I am now done with my review of Sober’s Evidence and Evolution: The Logic Behind the Science, Posting about each chapter along the way helped me a lot to write down the review over the past few days. Its conclusion is that

Evidence and Evolution is very well-written, with hardly any typo (the unbiasedness property of AIC is stated at the bottom of page 101 with the expectation symbol E on the wrong side of the equation, Figure 3.8c is used instead of Figure 3.7c on page 204, Figure 4.7 is used instead of Figure 4.8 on page 293, Simon Tavaré’s name is always spelled Taveré, vaules rather than values is repeated four times on page 339). The style is sometimes too light and often too verbose, with an abundance of analogies that I regard as sidetracking, but this makes for an easier reading (except for the sentence “the key to answering the second question is that the observation that X = 1 and Y = 1 produces stronger evidence favoring CA over SA the lower the probability is that the ancestors postulated by the two hypotheses were in state 1”, on page 314, that still eludes me!). As detailed in this review, I have points of contentions with the philosophical views about testing in Evidence and Evolution as well as about the methods exposed therein, but this does not detract from the appeal of reading the book. (The lack of completely worked out statistical hypotheses in realistic settings remains the major issue in my criticism of the book.) While the criticisms of the Bayesian paradigm are often shallow (like the one on page 97 ridiculing Bayesians drawing inference based on a single observation), there is nothing fundamentally wrong with the statistical foundations of the book. I therefore repeat my earlier recommendation in favour of Evidence and Evolution, Chapters 1 and (paradoxically) 5 being the easier entries. Obviously, readers familiar with Sober’s earlier papers and books will most likely find a huge overlap with those but others will gather Sober’s viewpoints on the notion of testing hypotheses in a (mostly) unified perspective.
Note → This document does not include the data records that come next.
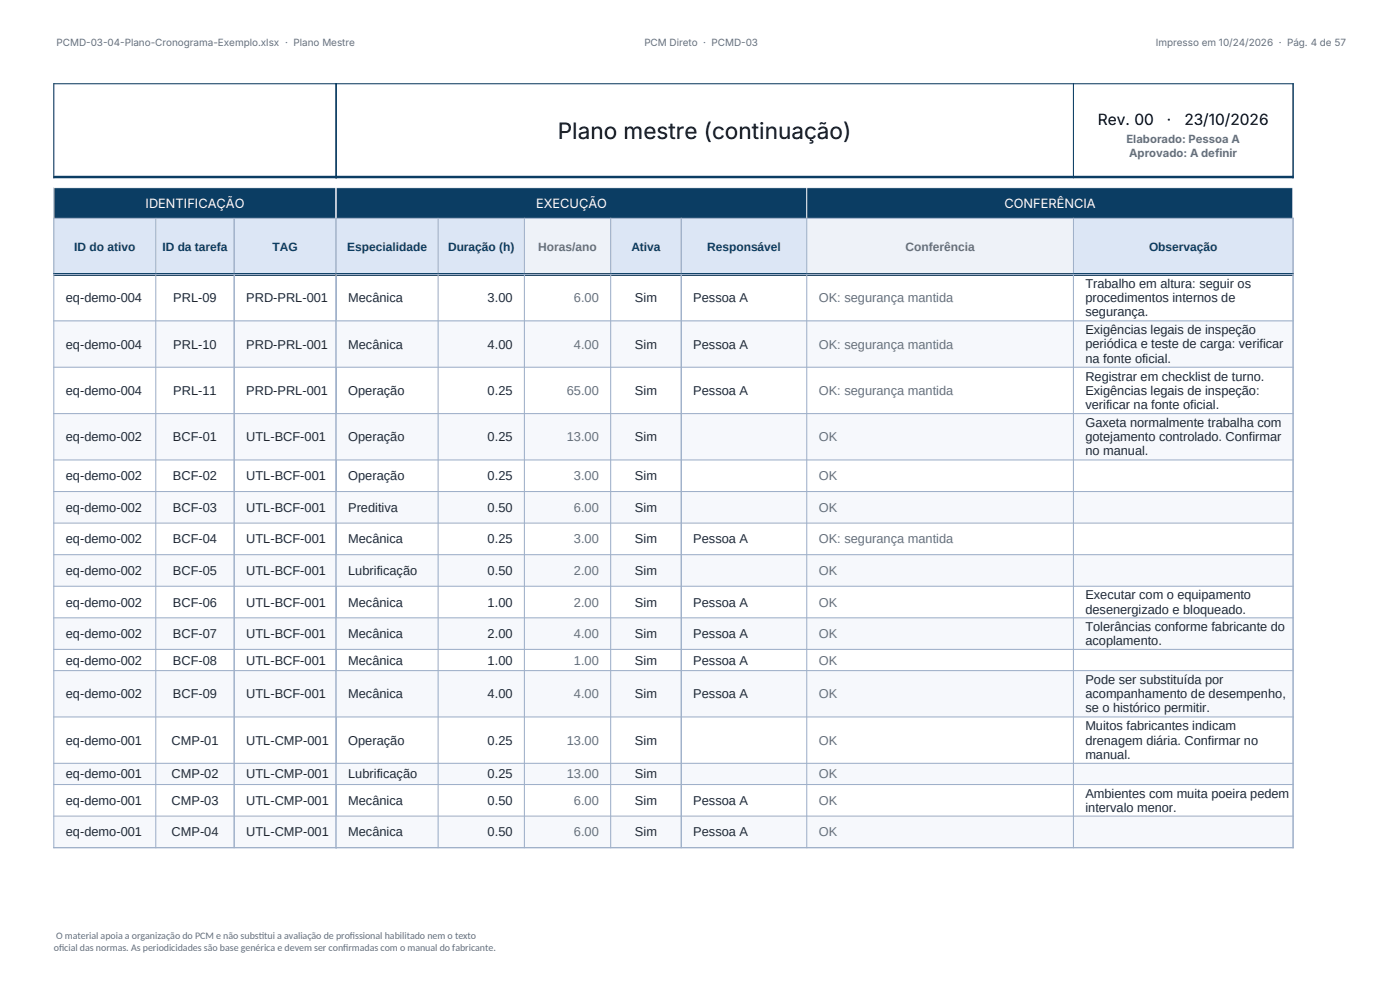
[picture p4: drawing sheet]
<svg xmlns="http://www.w3.org/2000/svg" width="297mm" height="210mm" viewBox="0 0 297 210" stroke-linecap="round" stroke-linejoin="round" font-family="sans-serif">
<defs><g id="words">
<text font-size="4.8" x="118.3" y="29.4">Plano mestre (continuação)</text>
<g font-size="3.3">
<text x="232.9" y="26.6">Rev. 00</text>
<text x="247.5" y="26.6">·</text>
<text x="251.3" y="26.6">23/10/2026</text>
</g>
<g font-size="2.7" fill="#fff">
<text x="30.9" y="44">IDENTIFICAÇÃO</text>
<text x="113.7" y="44">EXECUÇÃO</text>
<text x="213.1" y="44">CONFERÊNCIA</text>
</g>
<g font-size="2.7" fill="#1f2937">
<text x="14" y="64.1">eq-demo-004</text>
<text x="36.8" y="64.1">PRL-09</text>
<text x="52.2" y="64.1">PRD-PRL-001</text>
<text x="73.9" y="64.1">Mecânica</text>
<text x="103.5" y="64.1">3.00</text>
<text x="134.7" y="64.1">Sim</text>
<text x="147.1" y="64.1">Pessoa A</text>
<text x="230.3" y="61.1">Trabalho em altura: seguir os</text>
<text x="230.3" y="64.1">procedimentos internos de</text>
<text x="230.3" y="67.1">segurança.</text>
<text x="230.3" y="70.9">Exigências legais de inspeção</text>
<text x="14" y="74">eq-demo-004</text>
<text x="36.8" y="74">PRL-10</text>
<text x="52.2" y="74">PRD-PRL-001</text>
<text x="73.9" y="74">Mecânica</text>
<text x="103.5" y="74">4.00</text>
<text x="134.7" y="74">Sim</text>
<text x="147.1" y="74">Pessoa A</text>
<text x="230.3" y="73.9">periódica e teste de carga: verificar</text>
<text x="230.3" y="76.9">na fonte oficial.</text>
<text x="14" y="83.8">eq-demo-004</text>
<text x="36.8" y="83.8">PRL-11</text>
<text x="52.2" y="83.8">PRD-PRL-001</text>
<text x="73.9" y="83.8">Operação</text>
<text x="103.5" y="83.8">0.25</text>
<text x="134.7" y="83.8">Sim</text>
<text x="147.1" y="83.8">Pessoa A</text>
<text x="230.3" y="80.8">Registrar em checklist de turno.</text>
<text x="230.3" y="83.8">Exigências legais de inspeção:</text>
<text x="230.3" y="86.8">verificar na fonte oficial.</text>
<text x="14" y="93.6">eq-demo-002</text>
<text x="36.7" y="93.6">BCF-01</text>
<text x="52.2" y="93.6">UTL-BCF-001</text>
<text x="73.9" y="93.6">Operação</text>
<text x="103.5" y="93.6">0.25</text>
<text x="134.7" y="93.6">Sim</text>
<text x="230.3" y="90.6">Gaxeta normalmente trabalha com</text>
<text x="230.3" y="93.6">gotejamento controlado. Confirmar</text>
<text x="14" y="101.9">eq-demo-002</text>
<text x="36.7" y="101.9">BCF-02</text>
<text x="52.2" y="101.9">UTL-BCF-001</text>
<text x="73.9" y="101.9">Operação</text>
<text x="103.5" y="101.9">0.25</text>
<text x="134.7" y="101.9">Sim</text>
<text x="230.3" y="96.6">no manual.</text>
<text x="14" y="108.6">eq-demo-002</text>
<text x="36.7" y="108.6">BCF-03</text>
<text x="52.2" y="108.6">UTL-BCF-001</text>
<text x="73.9" y="108.6">Preditiva</text>
<text x="103.5" y="108.6">0.50</text>
<text x="134.7" y="108.6">Sim</text>
<text x="14" y="115.3">eq-demo-002</text>
<text x="36.7" y="115.3">BCF-04</text>
<text x="52.2" y="115.3">UTL-BCF-001</text>
<text x="73.9" y="115.3">Mecânica</text>
<text x="103.5" y="115.3">0.25</text>
<text x="134.7" y="115.3">Sim</text>
<text x="147.1" y="115.3">Pessoa A</text>
<text x="14" y="122">eq-demo-002</text>
<text x="36.7" y="122">BCF-05</text>
<text x="52.2" y="122">UTL-BCF-001</text>
<text x="73.9" y="122">Lubrificação</text>
<text x="103.5" y="122">0.50</text>
<text x="134.7" y="122">Sim</text>
<text x="14" y="128.7">eq-demo-002</text>
<text x="36.7" y="128.7">BCF-06</text>
<text x="52.2" y="128.7">UTL-BCF-001</text>
<text x="73.9" y="128.7">Mecânica</text>
<text x="103.5" y="128.7">1.00</text>
<text x="134.7" y="128.7">Sim</text>
<text x="147.1" y="128.7">Pessoa A</text>
<text x="230.3" y="127.2">Executar com o equipamento</text>
<text x="230.3" y="130.2">desenergizado e bloqueado.</text>
<text x="14" y="135.4">eq-demo-002</text>
<text x="36.7" y="135.4">BCF-07</text>
<text x="52.2" y="135.4">UTL-BCF-001</text>
<text x="73.9" y="135.4">Mecânica</text>
<text x="103.5" y="135.4">2.00</text>
<text x="134.7" y="135.4">Sim</text>
<text x="147.1" y="135.4">Pessoa A</text>
<text x="230.3" y="133.8">Tolerâncias conforme fabricante do</text>
<text x="230.3" y="136.9">acoplamento.</text>
<text x="14" y="141">eq-demo-002</text>
<text x="36.7" y="141">BCF-08</text>
<text x="52.2" y="141">UTL-BCF-001</text>
<text x="73.9" y="141">Mecânica</text>
<text x="103.5" y="141">1.00</text>
<text x="134.7" y="141">Sim</text>
<text x="147.1" y="141">Pessoa A</text>
<text x="14" y="148.1">eq-demo-002</text>
<text x="36.7" y="148.1">BCF-09</text>
<text x="52.2" y="148.1">UTL-BCF-001</text>
<text x="73.9" y="148.1">Mecânica</text>
<text x="103.5" y="148.1">4.00</text>
<text x="134.7" y="148.1">Sim</text>
<text x="147.1" y="148.1">Pessoa A</text>
<text x="230.3" y="145.1">Pode ser substituída por</text>
<text x="230.3" y="148.1">acompanhamento de desempenho,</text>
<text x="230.3" y="151.1">se o histórico permitir.</text>
<text x="230.3" y="154.9">Muitos fabricantes indicam</text>
<text x="14" y="158">eq-demo-001</text>
<text x="36.4" y="158">CMP-01</text>
<text x="52.2" y="158">UTL-CMP-001</text>
<text x="73.9" y="158">Operação</text>
<text x="103.5" y="158">0.25</text>
<text x="134.7" y="158">Sim</text>
<text x="230.3" y="157.9">drenagem diária. Confirmar no</text>
<text x="230.3" y="160.9">manual.</text>
<text x="14" y="165.1">eq-demo-001</text>
<text x="36.4" y="165.1">CMP-02</text>
<text x="52.2" y="165.1">UTL-CMP-001</text>
<text x="73.9" y="165.1">Lubrificação</text>
<text x="103.5" y="165.1">0.25</text>
<text x="134.7" y="165.1">Sim</text>
<text x="14" y="170.7">eq-demo-001</text>
<text x="36.4" y="170.7">CMP-03</text>
<text x="52.2" y="170.7">UTL-CMP-001</text>
<text x="73.9" y="170.7">Mecânica</text>
<text x="103.5" y="170.7">0.50</text>
<text x="134.7" y="170.7">Sim</text>
<text x="147.1" y="170.7">Pessoa A</text>
<text x="230.3" y="169.2">Ambientes com muita poeira pedem</text>
<text x="230.3" y="172.2">intervalo menor.</text>
<text x="14" y="177.4">eq-demo-001</text>
<text x="36.4" y="177.4">CMP-04</text>
<text x="52.2" y="177.4">UTL-CMP-001</text>
<text x="73.9" y="177.4">Mecânica</text>
<text x="103.5" y="177.4">0.50</text>
<text x="134.7" y="177.4">Sim</text>
<text x="147.1" y="177.4">Pessoa A</text>
</g>
<g font-size="2.7" fill="#64717d">
<text x="121.8" y="64.1">6.00</text>
<text x="173.7" y="64.1">OK: segurança mantida</text>
<text x="121.8" y="74">4.00</text>
<text x="173.7" y="74">OK: segurança mantida</text>
<text x="120.2" y="83.8">65.00</text>
<text x="173.7" y="83.8">OK: segurança mantida</text>
<text x="120.2" y="93.6">13.00</text>
<text x="173.7" y="93.6">OK</text>
<text x="121.8" y="101.9">3.00</text>
<text x="173.7" y="101.9">OK</text>
<text x="121.8" y="108.6">6.00</text>
<text x="173.7" y="108.6">OK</text>
<text x="121.8" y="115.3">3.00</text>
<text x="173.7" y="115.3">OK: segurança mantida</text>
<text x="121.8" y="122">2.00</text>
<text x="173.7" y="122">OK</text>
<text x="121.8" y="128.7">2.00</text>
<text x="173.7" y="128.7">OK</text>
<text x="121.8" y="135.4">4.00</text>
<text x="173.7" y="135.4">OK</text>
<text x="121.8" y="141">1.00</text>
<text x="173.7" y="141">OK</text>
<text x="121.8" y="148.1">4.00</text>
<text x="173.7" y="148.1">OK</text>
<text x="120.2" y="158">13.00</text>
<text x="173.7" y="158">OK</text>
<text x="120.2" y="165.1">13.00</text>
<text x="173.7" y="165.1">OK</text>
<text x="121.8" y="170.7">6.00</text>
<text x="173.7" y="170.7">OK</text>
<text x="121.8" y="177.4">6.00</text>
<text x="173.7" y="177.4">OK</text>
</g>
<g font-size="2.5" fill="#0b3d63">
<text x="15.7" y="53.2">ID do ativo</text>
<text x="34.5" y="53.2">ID da tarefa</text>
<text x="57.8" y="53.2">TAG</text>
<text x="73.7" y="53.2">Especialidade</text>
<text x="95" y="53.2">Duração (h)</text>
<text x="133.9" y="53.2">Ativa</text>
<text x="150" y="53.2">Responsável</text>
<text x="243.8" y="53.2">Observação</text>
</g>
<g font-size="2.5" fill="#64717d">
<text x="114.2" y="53.2">Horas/ano</text>
<text x="192.1" y="53.2">Conferência</text>
</g>
<g font-size="2.4" fill="#64717d">
<text x="239" y="30.3">Elaborado: Pessoa A</text>
<text x="239.6" y="33.2">Aprovado: A definir</text>
</g>
<g font-size="2.1" fill="#64717d">
<text x="12" y="9.7">PCMD-03-04-Plano-Cronograma-Exemplo.xlsx · Plano Mestre</text>
<text x="136.7" y="9.7">PCM Direto · PCMD-03</text>
<text x="245.2" y="9.7">Impresso em 10/24/2026 · Pág. 4 de 57</text>
<text x="11.4" y="201.8">of</text>
<text x="11.9" y="199.2">O material apoia a organização do PCM e não subst</text>
<text x="12.5" y="201.8">icial das normas. As periodicidades são base genérica e devem ser conf</text>
<text x="54.9" y="199.2">itui a avaliação de prof</text>
<text x="72.8" y="201.8">irmadas com o manual do fabricante.</text>
<text x="74.2" y="199.2">issional habilitado nem o texto</text>
</g>
</g></defs>
<path d="M11.4 39.8h59.9v6.5h-59.9z" fill-rule="evenodd" fill="#0b3d63"/>
<path d="M11.4 46.3h59.9v11.9h-59.9z" fill-rule="evenodd" fill="#dce6f5"/>
<path d="M11.3 17.8h60.1M11.4 17.7v20.1M71.3 17.7v20.1" fill="none" stroke="#0b3d63" stroke-width=".22"/>
<path d="M11.3 37.6h60.1M11.3 58.2h60.1" fill="none" stroke="#0b3d63" stroke-width=".52"/>
<path d="M11.3 39.8h60.1M11.4 39.7v6.7M71.3 39.7v6.7" fill="none" stroke="#fff" stroke-width=".22"/>
<path d="M11.3 46.3h60.1M11.4 46.2v12.3M33 46.2v12.3M49.7 46.2v12.3M71.3 46.2v12.3" fill="none" stroke="#9fb0c9" stroke-width=".22"/>
<g fill="#f6f8fc">
<path d="M11.4 68h59.9v9.9h-59.9z" fill-rule="evenodd"/>
<path d="M11.4 87.7h59.9v9.9h-59.9z" fill-rule="evenodd"/>
<path d="M11.4 104.2h59.9v6.8h-59.9z" fill-rule="evenodd"/>
<path d="M11.4 117.6h59.9v6.7h-59.9z" fill-rule="evenodd"/>
<path d="M11.4 131h59.9v6.7h-59.9z" fill-rule="evenodd"/>
<path d="M11.4 142.2h59.9v9.9h-59.9z" fill-rule="evenodd"/>
<path d="M11.4 161.9h59.9v4.5h-59.9z" fill-rule="evenodd"/>
<path d="M11.4 173.1h59.9v6.7h-59.9z" fill-rule="evenodd"/>
</g>
<g fill="none" stroke="#9fb0c9" stroke-width=".22">
<path d="M11.3 58.2h60.1M11.4 58.1v121.8M33 58.1v121.8M49.7 58.1v121.8M71.3 58.1v121.8M11.3 68.1h60.1M11.3 77.9h60.1M11.3 87.7h60.1M11.3 97.6h60.1M11.3 104.3h60.1M11.3 111h60.1M11.3 117.7h60.1"/>
<path d="M11.3 124.4h60.1M11.3 131.1h60.1M11.3 137.8h60.1M11.3 142.3h60.1M11.3 152.1h60.1M11.3 161.9h60.1M11.3 166.4h60.1M11.3 173.1h60.1M11.3 179.8h60.1"/>
</g>
<path d="M71.3 39.8h203v6.5h-203z" fill-rule="evenodd" fill="#0b3d63"/>
<path d="M71.3 46.3h39.9v11.9h-39.9z" fill-rule="evenodd" fill="#dce6f5"/>
<path d="M111.2 46.3h18.3v11.9h-18.3z" fill-rule="evenodd" fill="#eef2f8"/>
<path d="M129.5 46.3h41.6v11.9h-41.6z" fill-rule="evenodd" fill="#dce6f5"/>
<path d="M171.1 46.3h56.6v11.9h-56.6z" fill-rule="evenodd" fill="#eef2f8"/>
<path d="M227.7 46.3h46.6v11.9h-46.6z" fill-rule="evenodd" fill="#dce6f5"/>
<path d="M71.2 17.8h203.2M71.3 17.7v20.1M227.7 17.7v20.1M274.3 17.7v20.1" fill="none" stroke="#0b3d63" stroke-width=".22"/>
<path d="M71.2 37.6h203.2M71.2 58.2h203.2" fill="none" stroke="#0b3d63" stroke-width=".52"/>
<path d="M71.2 39.8h203.2M71.3 39.7v6.7M171.1 39.7v6.7M274.3 39.7v6.7" fill="none" stroke="#fff" stroke-width=".22"/>
<path d="M71.2 46.3h203.2M71.3 46.2v12.3M92.9 46.2v12.3M111.2 46.2v12.3M129.5 46.2v12.3M144.5 46.2v12.3M171.1 46.2v12.3M227.7 46.2v12.3M274.3 46.2v12.3" fill="none" stroke="#9fb0c9" stroke-width=".22"/>
<g fill="#f6f8fc">
<path d="M71.3 68h203v9.9h-203z" fill-rule="evenodd"/>
<path d="M71.3 87.7h203v9.9h-203z" fill-rule="evenodd"/>
<path d="M71.3 104.2h203v6.8h-203z" fill-rule="evenodd"/>
<path d="M71.3 117.6h203v6.7h-203z" fill-rule="evenodd"/>
<path d="M71.3 131h203v6.7h-203z" fill-rule="evenodd"/>
<path d="M71.3 142.2h203v9.9h-203z" fill-rule="evenodd"/>
<path d="M71.3 161.9h203v4.5h-203z" fill-rule="evenodd"/>
<path d="M71.3 173.1h203v6.7h-203z" fill-rule="evenodd"/>
</g>
<g fill="none" stroke="#9fb0c9" stroke-width=".22">
<path d="M71.2 58.2h203.2M71.3 58.1v121.8M92.9 58.1v121.8M111.2 58.1v121.8M129.5 58.1v121.8M144.5 58.1v121.8M171.1 58.1v121.8M227.7 58.1v121.8M274.3 58.1v121.8M71.2 68.1h203.2M71.2 77.9h203.2M71.2 87.7h203.2"/>
<path d="M71.2 97.6h203.2M71.2 104.3h203.2M71.2 111h203.2M71.2 117.7h203.2M71.2 124.4h203.2M71.2 131.1h203.2M71.2 137.8h203.2M71.2 142.3h203.2M71.2 152.1h203.2M71.2 161.9h203.2M71.2 166.4h203.2M71.2 173.1h203.2"/>
<path d="M71.2 179.8h203.2"/>
</g>
<use href="#words"/>
</svg>

And, as illustrated by the above quote, I found the sentence from Voltaire’s Candide I wanted to include. Of course, this 12 page review may be overly long for the journal it was intended for, Human Genetics, in which case I will have to find another outlet for the current arXived version. But I enjoyed reading this book with a pencil and gathered enough remarks along the way to fill those twelve pages.